:: Dataset records

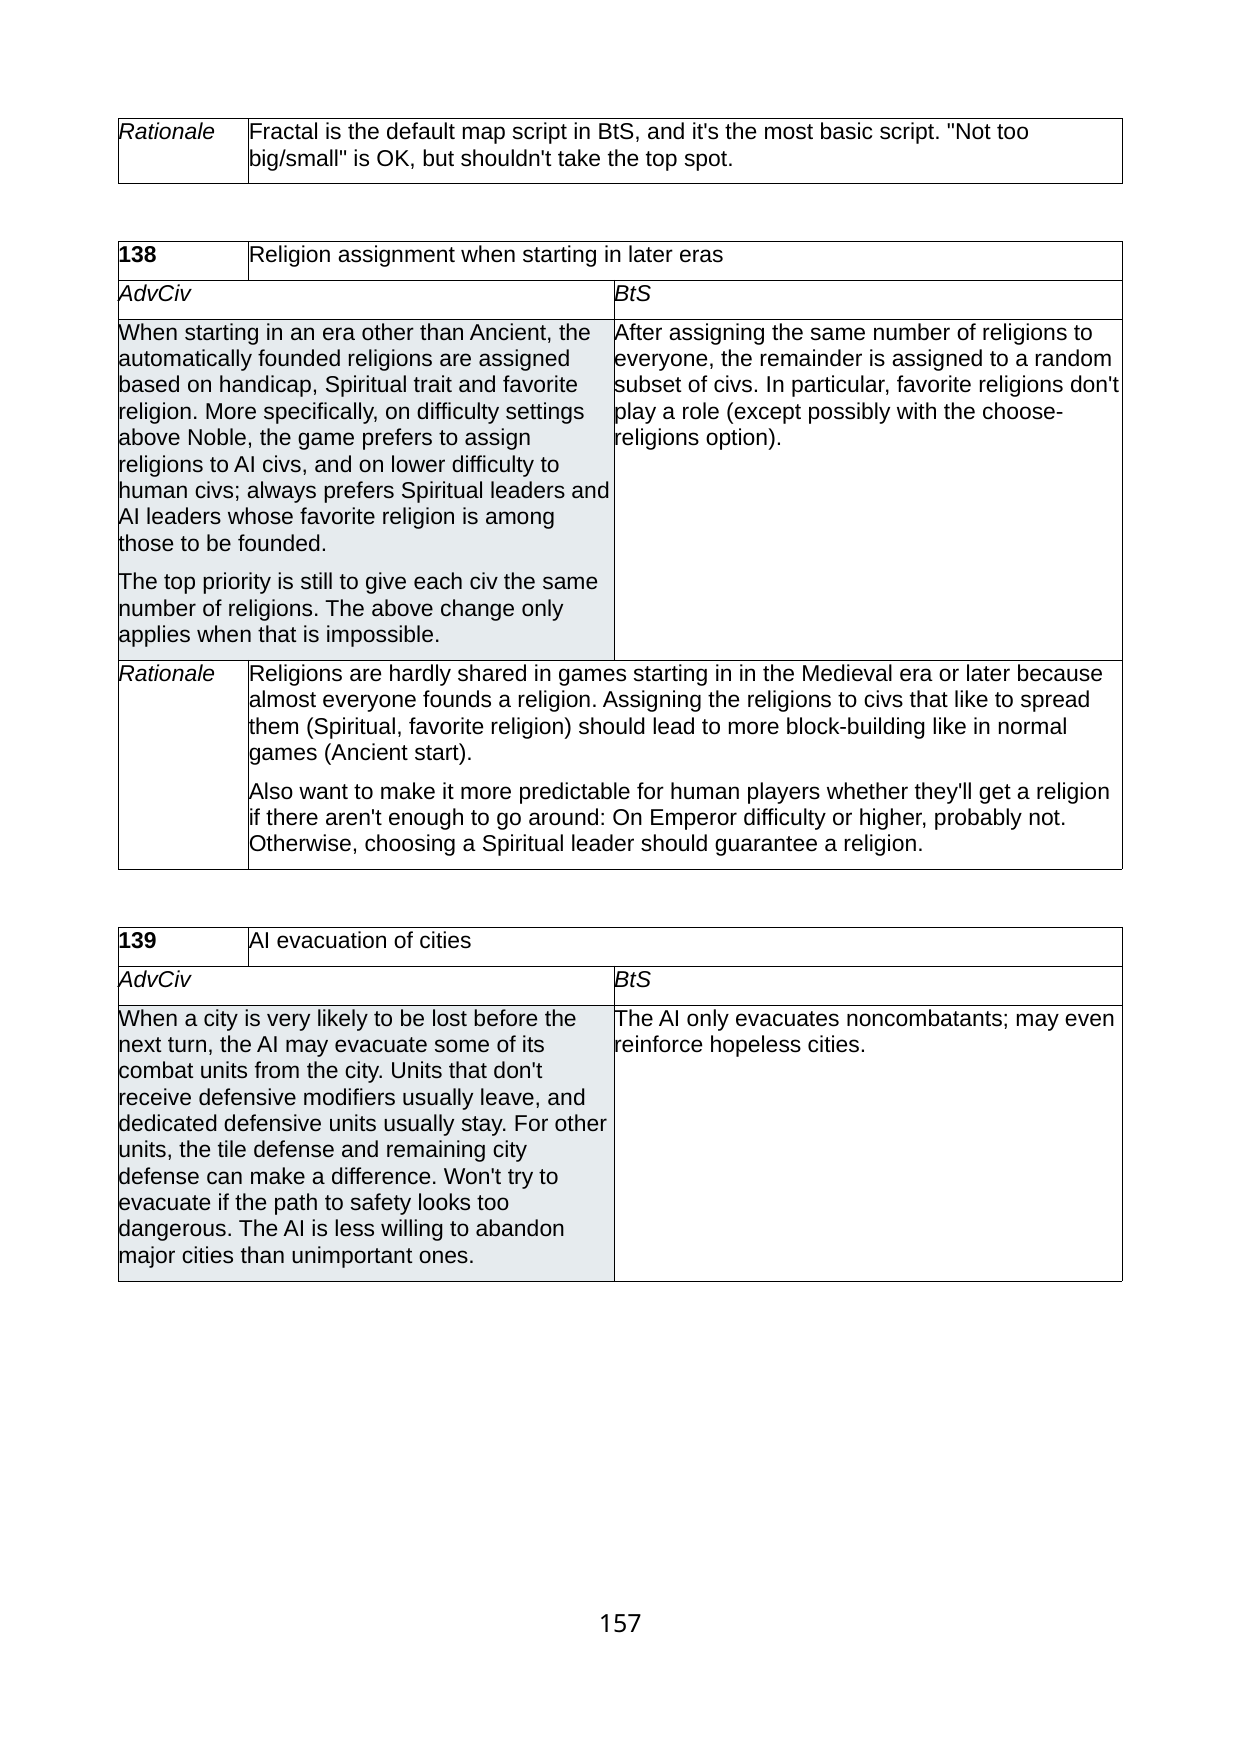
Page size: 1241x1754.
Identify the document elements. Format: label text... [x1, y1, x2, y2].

table_header Religion assignment when starting in later eras [249, 242, 1122, 280]
table_cell When a city is very likely to be lost before the next turn, the AI may evacuate some of its combat units from the city. Units that don't receive defensive modifiers usually leave, and dedicated defensive units usually stay. For other units, the tile defense and remaining city defense can make a difference. Won't try to evacuate if the path to safety looks too dangerous. The AI is less willing to abandon major cities than unimportant ones. [119, 1006, 614, 1281]
table_cell Religions are hardly shared in games starting in in the Medieval era or later because almost everyone founds a religion. Assigning the religions to civs that like to spread them (Spiritual, favorite religion) should lead to more block-building like in normal games (Ancient start). Also want to make it more predictable for human players whether they'll get a religion if there aren't enough to go around: On Emperor difficulty or higher, probably not. Otherwise, choosing a Spiritual leader should guarantee a religion. [249, 661, 1122, 869]
table_cell The AI only evacuates noncombatants; may even reinforce hopeless cities. [615, 1006, 1122, 1281]
table_header 139 [119, 928, 248, 966]
table_cell BtS [615, 281, 1122, 319]
table_cell Rationale [119, 119, 248, 183]
table_cell AdvCiv [119, 967, 614, 1004]
table_cell AdvCiv [119, 281, 614, 319]
table_cell Fractal is the default map script in BtS, and it's the most basic script. "Not too big/small" is OK, but shouldn't take the top spot. [249, 119, 1122, 183]
table_header AI evacuation of cities [249, 928, 1122, 966]
table_cell Rationale [119, 661, 248, 869]
table_cell BtS [615, 967, 1122, 1004]
table_header 138 [119, 242, 248, 280]
table_cell When starting in an era other than Ancient, the automatically founded religions are assigned based on handicap, Spiritual trait and favorite religion. More specifically, on difficulty settings above Noble, the game prefers to assign religions to AI civs, and on lower difficulty to human civs; always prefers Spiritual leaders and AI leaders whose favorite religion is among those to be founded. The top priority is still to give each civ the same number of religions. The above change only applies when that is impossible. [119, 320, 614, 660]
table_cell After assigning the same number of religions to everyone, the remainder is assigned to a random subset of civs. In particular, favorite religions don't play a role (except possibly with the choose-religions option). [615, 320, 1122, 660]
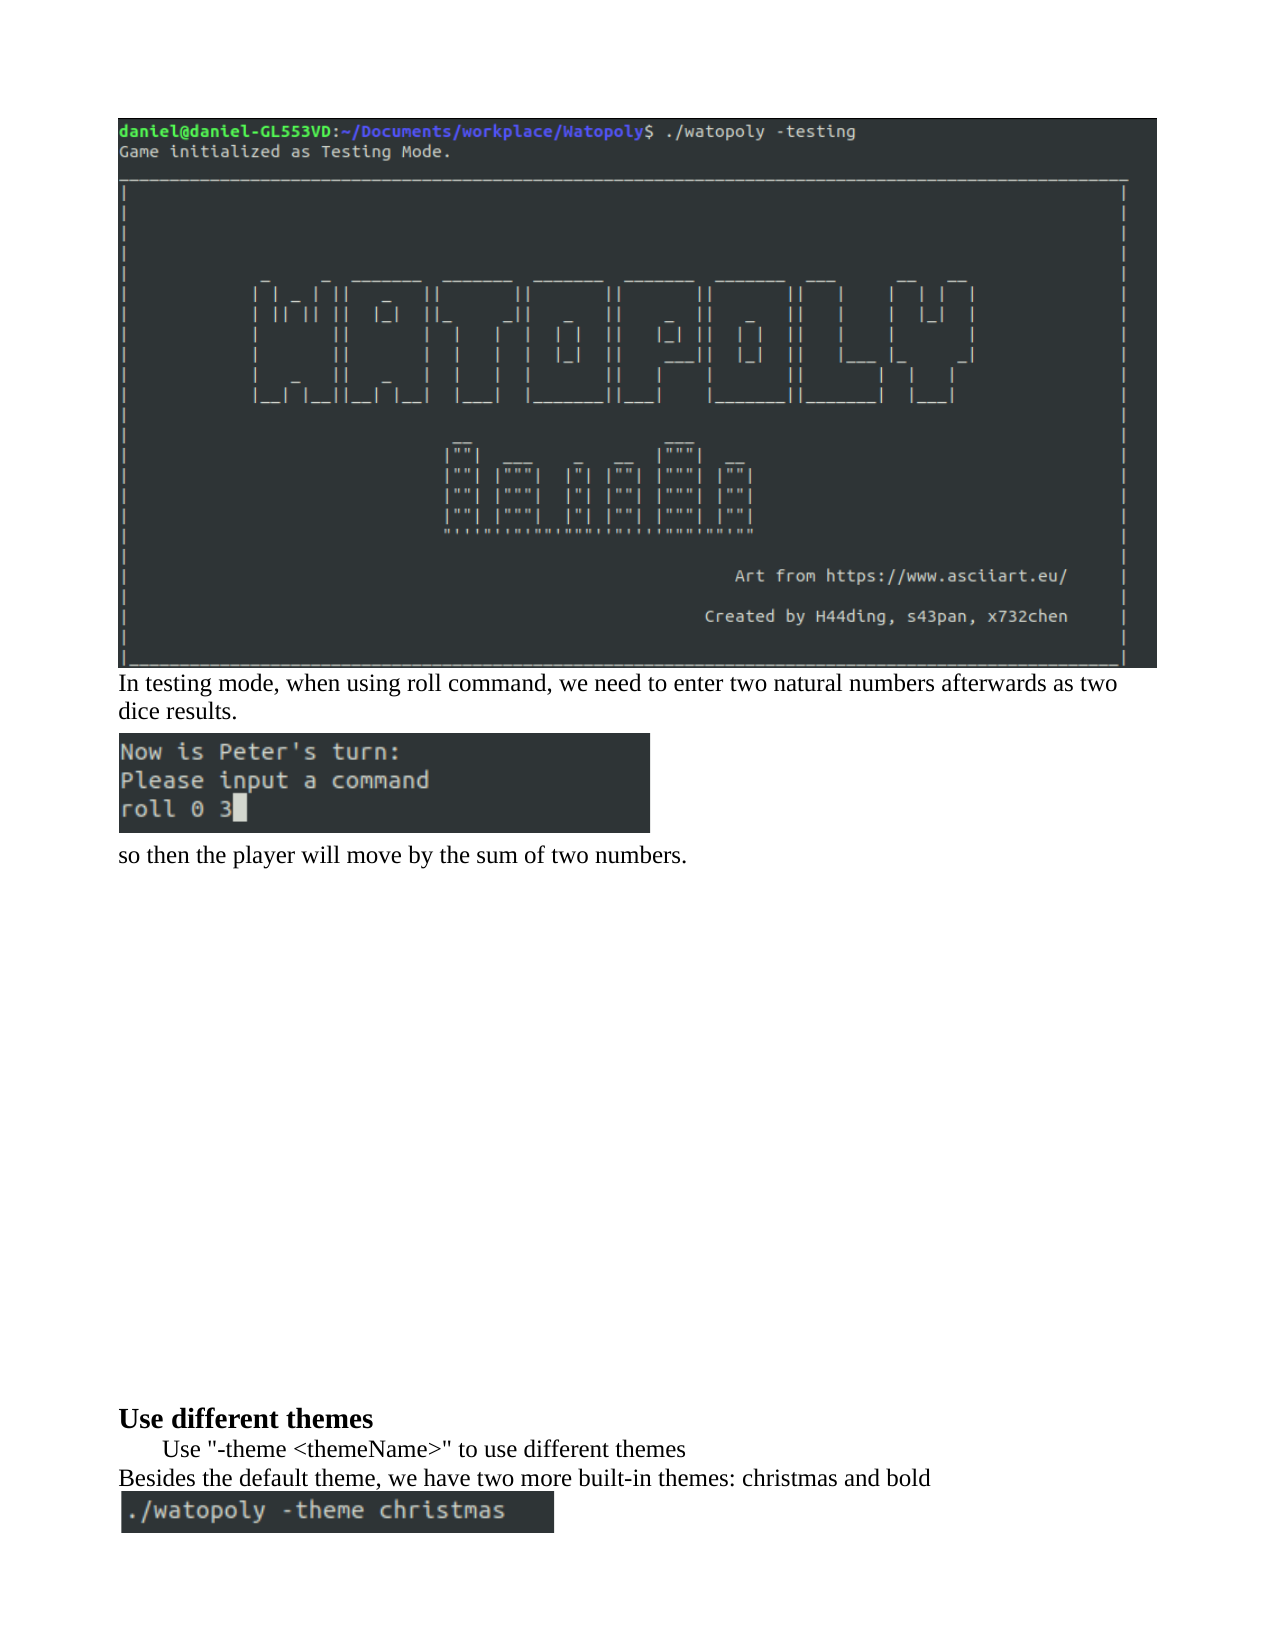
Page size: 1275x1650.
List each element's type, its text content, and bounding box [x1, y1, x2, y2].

text In testing mode, when using roll command, we need to enter two natural numbers afterwards as two dice results. [118, 668, 1157, 725]
text Use different themes [118, 1401, 1157, 1434]
picture [119, 733, 651, 833]
text Use "-theme <themeName>" to use different themes [118, 1434, 1157, 1463]
picture [121, 1491, 555, 1533]
text so then the player will move by the sum of two numbers. [118, 840, 1157, 869]
picture [118, 118, 1157, 668]
text Besides the default theme, we have two more built-in themes: christmas and bold [118, 1463, 1157, 1492]

::::

Exercise requirements: Copy the entries above exactly, but only from the line holding "table_cell Fractal is" through the line holding "table_header 138 [119, 242, 248, 280]", both included.

Reply:
table_cell Fractal is the default map script in BtS, and it's the most basic script. "Not too big/small" is OK, but shouldn't take the top spot. [249, 119, 1122, 183]
table_header AI evacuation of cities [249, 928, 1122, 966]
table_cell Rationale [119, 661, 248, 869]
table_cell BtS [615, 967, 1122, 1004]
table_header 138 [119, 242, 248, 280]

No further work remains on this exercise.